Exercise goal ->
Where a line in the listing below contains the word "pitch", copy that line.

○ ○ ○

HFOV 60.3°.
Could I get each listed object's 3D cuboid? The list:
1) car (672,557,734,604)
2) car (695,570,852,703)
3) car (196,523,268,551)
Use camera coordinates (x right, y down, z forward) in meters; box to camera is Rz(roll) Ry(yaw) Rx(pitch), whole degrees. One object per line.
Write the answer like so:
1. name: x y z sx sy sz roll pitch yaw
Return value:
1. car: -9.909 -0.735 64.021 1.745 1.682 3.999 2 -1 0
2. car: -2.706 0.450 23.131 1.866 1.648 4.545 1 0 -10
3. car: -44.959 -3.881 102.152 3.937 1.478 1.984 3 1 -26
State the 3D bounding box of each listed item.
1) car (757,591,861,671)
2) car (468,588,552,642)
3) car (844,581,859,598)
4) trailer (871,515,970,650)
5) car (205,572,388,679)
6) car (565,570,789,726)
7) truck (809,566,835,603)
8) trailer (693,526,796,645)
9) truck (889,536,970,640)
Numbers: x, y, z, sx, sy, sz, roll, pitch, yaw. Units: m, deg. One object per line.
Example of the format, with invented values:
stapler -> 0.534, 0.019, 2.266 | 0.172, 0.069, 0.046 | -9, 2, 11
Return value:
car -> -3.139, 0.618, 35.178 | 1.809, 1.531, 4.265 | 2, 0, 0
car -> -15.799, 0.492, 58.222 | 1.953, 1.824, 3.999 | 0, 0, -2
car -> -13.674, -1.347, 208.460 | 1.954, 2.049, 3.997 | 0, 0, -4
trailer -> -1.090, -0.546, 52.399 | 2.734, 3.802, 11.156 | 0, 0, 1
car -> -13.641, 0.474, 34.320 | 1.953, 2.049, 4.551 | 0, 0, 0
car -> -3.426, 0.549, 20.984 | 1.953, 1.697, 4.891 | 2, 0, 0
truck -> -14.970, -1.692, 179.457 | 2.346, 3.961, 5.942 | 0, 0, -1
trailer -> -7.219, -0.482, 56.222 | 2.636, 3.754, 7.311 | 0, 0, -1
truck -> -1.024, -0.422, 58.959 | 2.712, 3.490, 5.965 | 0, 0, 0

○ ○ ○

Result of this task ->
Use camera coordinates (x right, y down, z forward) in meters; box to camera is Rz(roll) Ry(yaw) Rx(pitch), whole degrees. One object per line.
1. name: x y z sx sy sz roll pitch yaw
Numbers: x, y, z, sx, sy, sz, roll, pitch, yaw. Units: m, deg. One object per line.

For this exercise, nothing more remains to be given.